The Coyotes, as their bankruptcy attests, might have been the wrong team in the wrong town from the start. (Two wrong towns. When the Coyotes moved from downtown Phoenix to a gorgeous arena in Glendale in 2003, they basically trashed their old season-ticket base.) From the moment Gretzky teamed with Steve Ellman to purchase the team from Richard Burke, there were flashing neon signs that trouble might be brewing. (Burke actually barred Gretzky from the dressing room during a preseason game in 2000.)
After the purchase was approved in February 2001, Gretzky, who had a small ownership stake, clearly lost for winning. Reportedly, the Coyotes bled $27 million that year. (Since moving to the desert, the franchise has lost $300 million and failed to win a series in any of the five seasons it made the playoffs. The Coyotes/Jets have not advanced past the first round since 1987.) The team might not have drained his personal resources -- principal owner Jerry Moyes took that hit -- but it has stripped Gretzky of his bulletproof aura.
Gretzky certainly didn't help himself when he stepped into the line of fire post-lockout, making the job of NHL head coach basically an entry-level position.. He anointed himself as coach because simply being the cottage industry that is Wayne Gretzky was not enough to satisfy his lust for the action of the game.

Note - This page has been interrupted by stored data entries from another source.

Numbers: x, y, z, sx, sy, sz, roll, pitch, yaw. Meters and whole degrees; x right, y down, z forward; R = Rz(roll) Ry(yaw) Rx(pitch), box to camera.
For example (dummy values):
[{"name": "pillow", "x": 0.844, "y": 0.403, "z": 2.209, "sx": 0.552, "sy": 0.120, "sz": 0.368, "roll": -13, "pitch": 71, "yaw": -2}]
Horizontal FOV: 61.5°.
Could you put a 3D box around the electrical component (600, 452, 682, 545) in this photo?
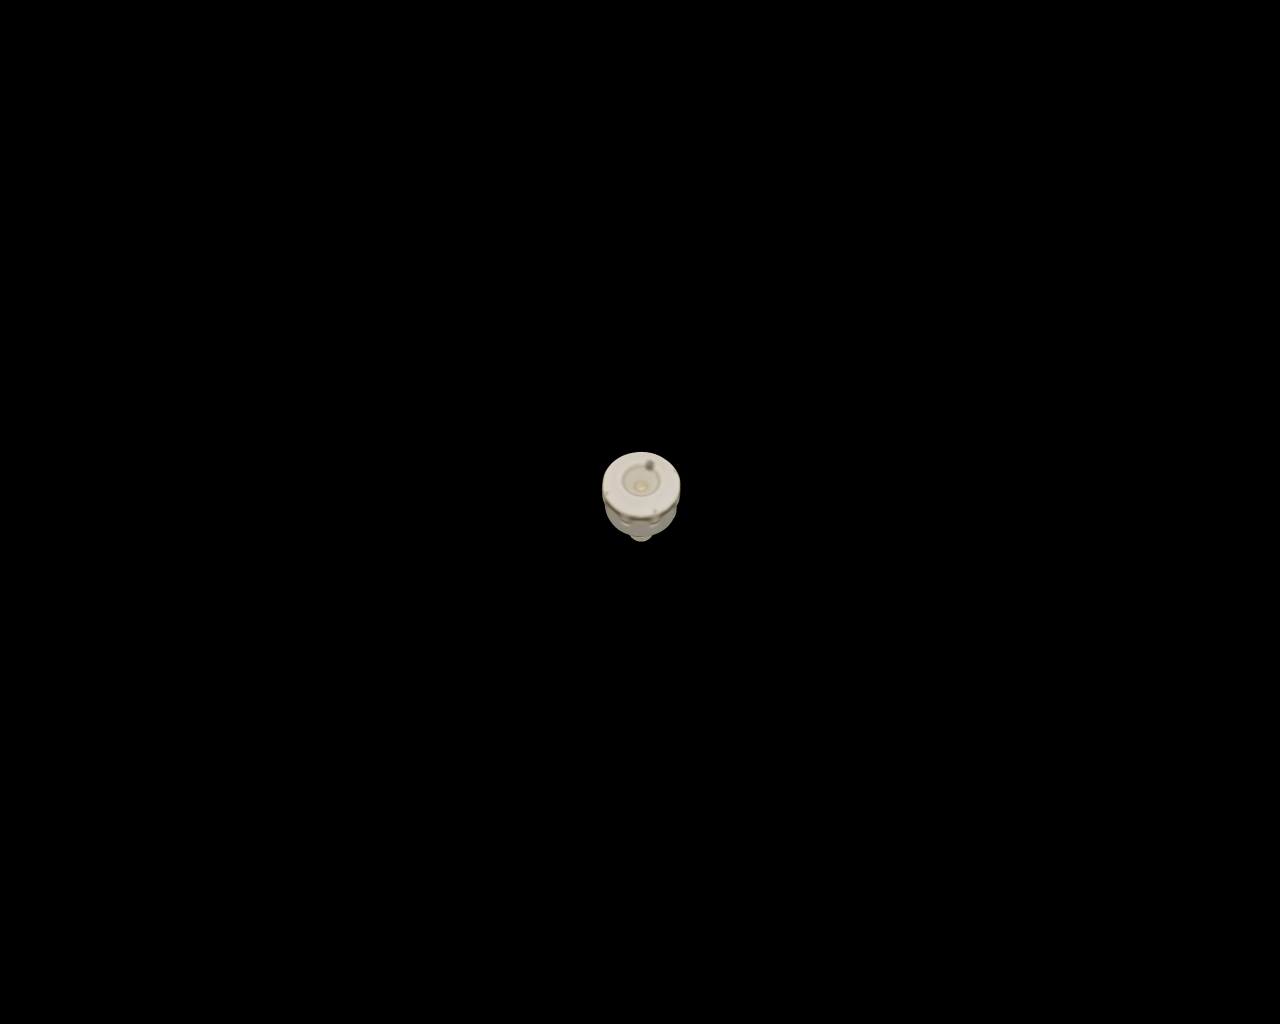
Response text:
[{"name": "electrical component", "x": 0.001, "y": -0.003, "z": 0.650, "sx": 0.048, "sy": 0.048, "sz": 0.062, "roll": 0, "pitch": -32, "yaw": 0}]
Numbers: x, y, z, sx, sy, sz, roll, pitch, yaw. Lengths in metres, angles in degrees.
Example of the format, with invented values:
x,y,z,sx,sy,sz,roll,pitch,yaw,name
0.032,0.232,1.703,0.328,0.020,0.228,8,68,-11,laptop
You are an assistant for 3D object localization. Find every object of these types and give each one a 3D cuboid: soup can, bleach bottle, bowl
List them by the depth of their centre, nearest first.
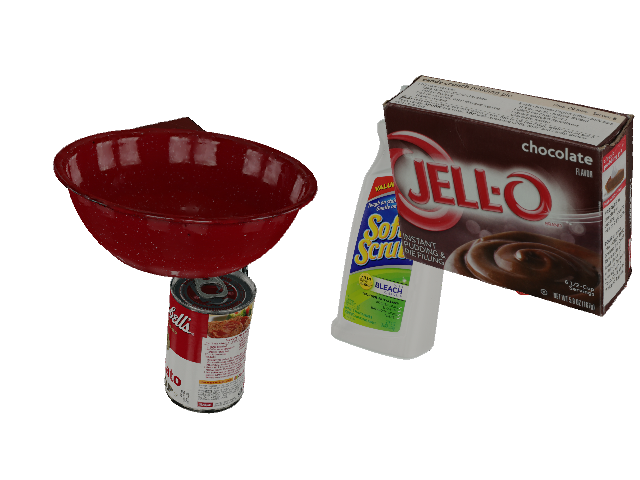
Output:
x,y,z,sx,sy,sz,roll,pitch,yaw,name
-0.085,-0.020,0.665,0.162,0.055,0.162,7,22,-3,bowl
-0.090,0.079,0.861,0.068,0.102,0.068,6,30,-4,soup can
0.071,-0.020,1.004,0.103,0.251,0.067,15,20,32,bleach bottle

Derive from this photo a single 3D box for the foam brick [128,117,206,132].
x,y,z,sx,sy,sz,roll,pitch,yaw,name
-0.154,-0.083,1.053,0.078,0.053,0.051,-17,31,-21,foam brick

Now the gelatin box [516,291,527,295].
x,y,z,sx,sy,sz,roll,pitch,yaw,name
0.178,0.013,0.814,0.089,0.030,0.073,-3,18,-10,gelatin box

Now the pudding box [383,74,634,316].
x,y,z,sx,sy,sz,roll,pitch,yaw,name
0.088,-0.023,0.499,0.114,0.090,0.039,15,43,33,pudding box

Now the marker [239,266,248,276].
x,y,z,sx,sy,sz,roll,pitch,yaw,name
-0.091,0.035,1.205,0.020,0.121,0.020,0,32,0,marker
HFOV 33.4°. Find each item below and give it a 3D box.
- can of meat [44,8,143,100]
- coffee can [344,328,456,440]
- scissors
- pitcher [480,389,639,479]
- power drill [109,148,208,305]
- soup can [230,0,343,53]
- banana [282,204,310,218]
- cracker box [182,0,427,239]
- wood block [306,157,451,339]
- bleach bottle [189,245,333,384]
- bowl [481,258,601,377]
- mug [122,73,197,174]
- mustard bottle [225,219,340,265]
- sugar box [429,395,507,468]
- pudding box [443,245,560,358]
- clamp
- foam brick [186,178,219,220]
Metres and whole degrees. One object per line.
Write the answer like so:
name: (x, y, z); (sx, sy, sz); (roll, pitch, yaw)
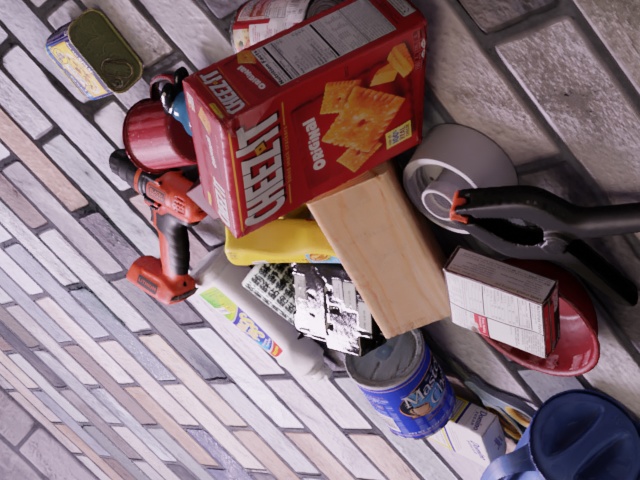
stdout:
can of meat: (-0.275, -0.220, 1.288); (0.084, 0.057, 0.102); (-4, 130, 54)
coffee can: (0.103, 0.176, 1.350); (0.103, 0.102, 0.140); (16, 153, 36)
scissors: (0.211, 0.185, 1.348); (0.201, 0.016, 0.096); (49, 152, -19)
pitcher: (0.279, 0.283, 1.286); (0.149, 0.145, 0.243); (30, 153, 10)
power drill: (-0.225, -0.019, 1.456); (0.185, 0.057, 0.188); (30, 128, 34)
soup can: (-0.027, -0.199, 1.019); (0.102, 0.068, 0.068); (6, 138, 44)
banana: (-0.010, -0.041, 1.257); (0.069, 0.037, 0.198); (42, 152, -12)
cracker box: (-0.006, -0.113, 0.961); (0.072, 0.213, 0.164); (50, 159, 30)
wood block: (0.066, -0.006, 1.125); (0.090, 0.091, 0.206); (-22, 127, 12)
bleach bottle: (-0.075, 0.116, 1.537); (0.250, 0.068, 0.103); (44, 151, -13)
bowl: (0.229, 0.070, 1.121); (0.162, 0.055, 0.162); (29, 150, 18)
mug: (-0.176, -0.140, 1.272); (0.082, 0.093, 0.117); (-3, 95, 44)
mustard bottle: (-0.008, 0.001, 1.233); (0.192, 0.058, 0.096); (0, 174, 9)
sugar box: (0.164, 0.238, 1.438); (0.176, 0.048, 0.093); (21, 150, 34)
pudding box: (0.183, 0.062, 1.066); (0.114, 0.039, 0.090); (19, 145, 28)
clamp: (0.227, -0.012, 0.981); (0.210, 0.036, 0.165); (19, 147, -2)
foam brick: (-0.121, -0.067, 1.335); (0.053, 0.051, 0.078); (44, 151, -12)
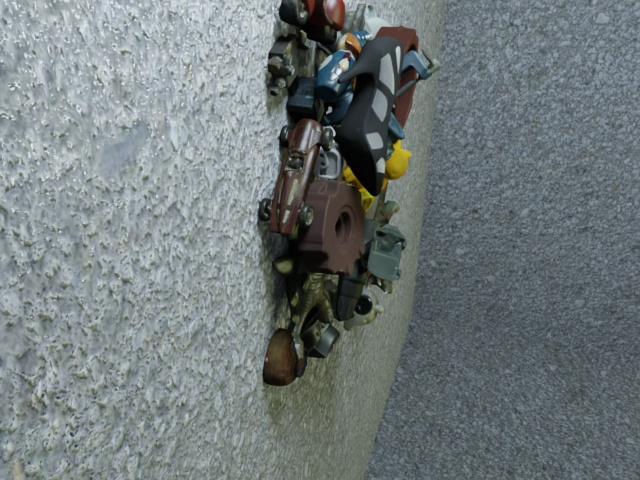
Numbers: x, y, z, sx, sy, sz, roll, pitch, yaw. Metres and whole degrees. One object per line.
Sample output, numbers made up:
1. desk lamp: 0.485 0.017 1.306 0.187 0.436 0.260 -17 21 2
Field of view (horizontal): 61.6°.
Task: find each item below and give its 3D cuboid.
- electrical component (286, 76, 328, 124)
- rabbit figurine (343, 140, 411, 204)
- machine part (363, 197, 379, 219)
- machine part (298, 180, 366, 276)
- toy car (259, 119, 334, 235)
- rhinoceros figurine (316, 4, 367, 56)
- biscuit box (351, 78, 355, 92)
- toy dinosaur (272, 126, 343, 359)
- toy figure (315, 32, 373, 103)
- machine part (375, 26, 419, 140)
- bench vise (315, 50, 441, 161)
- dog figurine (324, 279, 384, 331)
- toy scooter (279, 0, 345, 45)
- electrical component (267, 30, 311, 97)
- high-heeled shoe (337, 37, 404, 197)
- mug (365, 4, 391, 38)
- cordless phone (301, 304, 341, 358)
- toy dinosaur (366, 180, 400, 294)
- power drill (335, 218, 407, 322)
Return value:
1. electrical component: -0.024 -0.245 0.923 0.119 0.048 0.075 80 25 -54
2. rabbit figurine: 0.141 -0.164 1.216 0.162 0.173 0.121 -43 108 -23
3. machine part: 0.105 -0.066 1.424 0.079 0.079 0.243 65 39 -64
4. machine part: 0.026 -0.021 0.945 0.179 0.056 0.179 -13 105 -59
5. toy car: -0.040 -0.107 0.876 0.053 0.089 0.202 57 47 -67
6. rhinoceros figurine: 0.051 -0.399 1.041 0.190 0.073 0.112 -52 147 -59
7. biscuit box: 0.079 -0.315 1.205 0.202 0.063 0.059 85 24 -43
8. toy dinosaur: -0.002 -0.003 1.052 0.198 0.105 0.471 58 40 -62
9. toy figure: 0.041 -0.302 0.908 0.057 0.064 0.154 45 61 -38
10. machine part: 0.148 -0.336 1.158 0.200 0.087 0.201 82 24 -50
11. bench vise: 0.105 -0.269 0.994 0.223 0.240 0.129 60 23 10
12. dog figurine: 0.099 0.172 1.393 0.121 0.173 0.190 -68 156 -3
13. toy scooter: -0.003 -0.392 0.846 0.184 0.075 0.135 -16 122 -69
14. electrical component: -0.048 -0.276 0.823 0.102 0.045 0.078 -64 156 -44
15. high-heeled shoe: 0.103 -0.208 0.911 0.145 0.086 0.248 -34 126 -26
16. mug: 0.112 -0.471 1.204 0.107 0.081 0.109 -32 122 -60
17. cordless phone: -0.020 0.149 1.155 0.146 0.089 0.184 -44 130 -63
18. toy dinosaur: 0.149 -0.040 1.538 0.192 0.131 0.404 -46 137 -63
19. power drill: 0.101 0.058 1.135 0.207 0.086 0.232 138 -33 -74
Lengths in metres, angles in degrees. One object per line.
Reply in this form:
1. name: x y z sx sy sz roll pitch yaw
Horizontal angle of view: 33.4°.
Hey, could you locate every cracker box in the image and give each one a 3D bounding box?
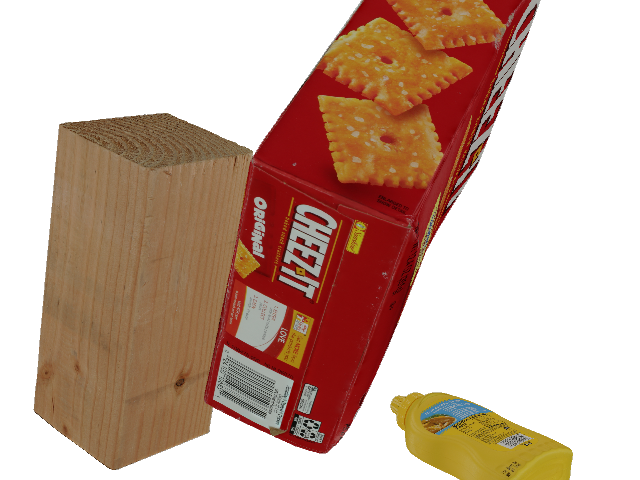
1. cracker box: 0.030 -0.032 0.492 0.072 0.164 0.213 24 48 8

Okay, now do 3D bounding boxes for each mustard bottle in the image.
1. mustard bottle: 0.139 0.192 1.027 0.096 0.058 0.192 -15 25 -38

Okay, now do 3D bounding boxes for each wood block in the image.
1. wood block: -0.118 0.030 0.698 0.090 0.206 0.090 26 26 35
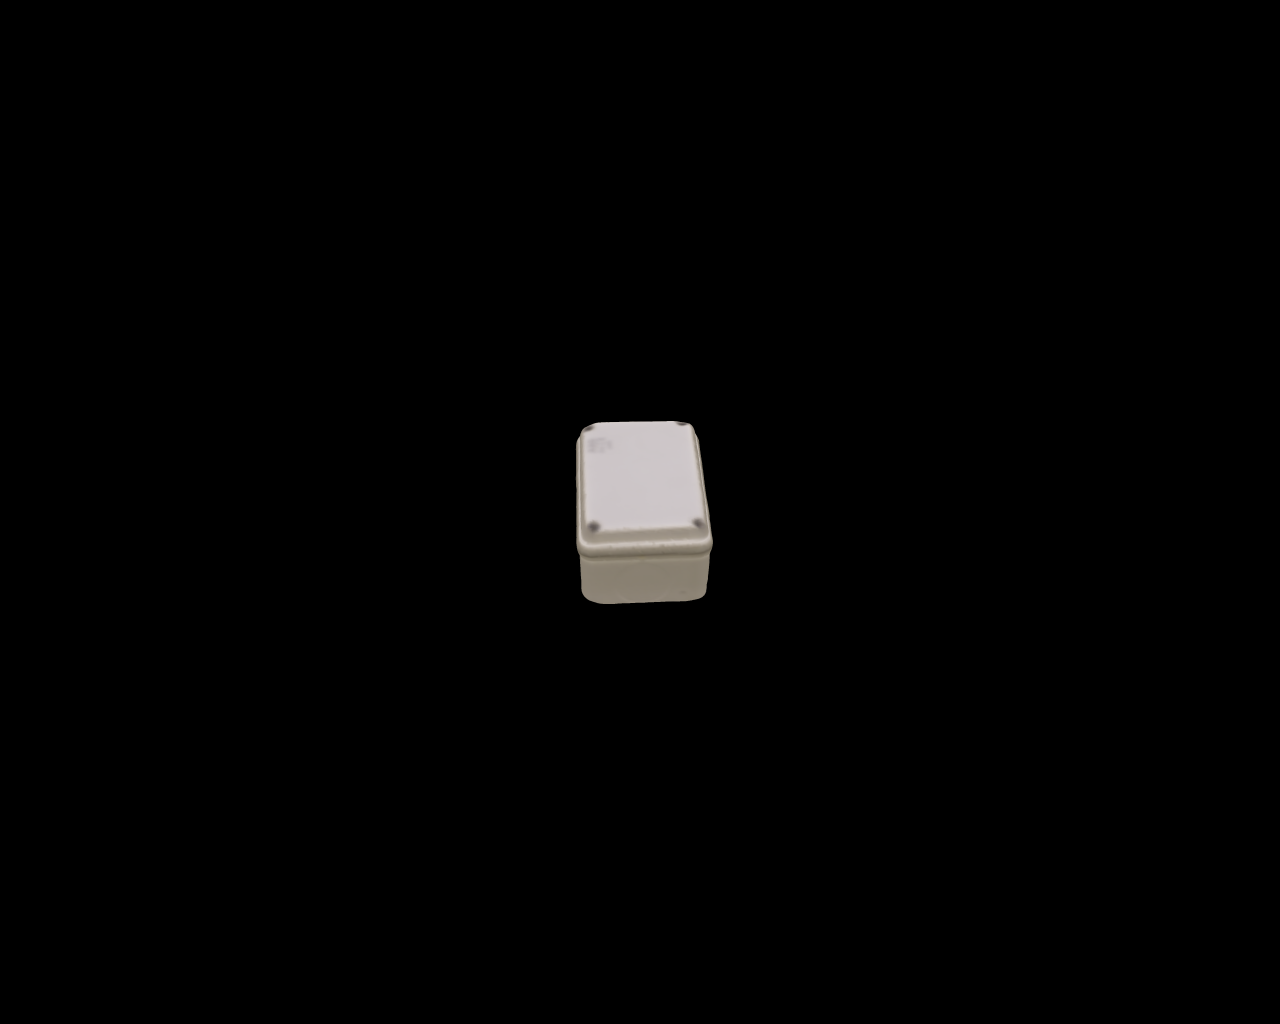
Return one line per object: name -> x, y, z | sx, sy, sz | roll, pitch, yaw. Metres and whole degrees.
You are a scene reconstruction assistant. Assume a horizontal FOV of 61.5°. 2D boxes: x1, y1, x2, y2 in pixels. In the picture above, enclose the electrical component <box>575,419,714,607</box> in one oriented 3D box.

While pulling the strings with gold-medal teams for Canada was satisfying -- they won the 2002 Olympics and 2004 World Cup, but failed in the 2006 Olympics, in part, because Gretzky was loyal to the players who had performed so splendidly two years before -- he had the urge to have his hands on the action. He might well have been on the way to making himself a quality coach, but the early glow in Glendale last year faded as the season progressed. Gretzky never coached a single playoff game during his four seasons behind the Coyotes' bench.
The Phoenix failure might wind up chastening him when his bitterness finally ebbs, but Gretzky is no less hockey-smart than ever. While Hockey Canada executive director Bob Nicholson says his organization would be honored to have Gretzky involved again, and new Team Canada Olympic GM Steve Yzerman said he planned to call his predecessor, there surely will be bigger things for Gretzky beyond the quadrennial and ceremonial.
Because public outrage never has been Gretzky's style, the NHL and Bettman will probably be spared a verbal -- or legal -- bun fight. If Gretzky shreds the league that has been his adult life, it will be a first. And it is almost inconceivable that he will simply disappear for good. Assuming he still has the coaching bug, Gretzky will look for the opportunity. If there is no market for him behind the bench, some franchise with more stability and a hunger for star power will surely want him in some kind of management/minority ownership role.
The Coyotes will not have Gretzky to kick around anymore -- or vice-versa, if you consider the polls in Arizona in which more than 83 per cent of respondents viewed Gretzky as an impediment -- but he will back. And like the Richard Nixon's return to politics or Napoleon's re-entry to Paris, it promises to be spectacular.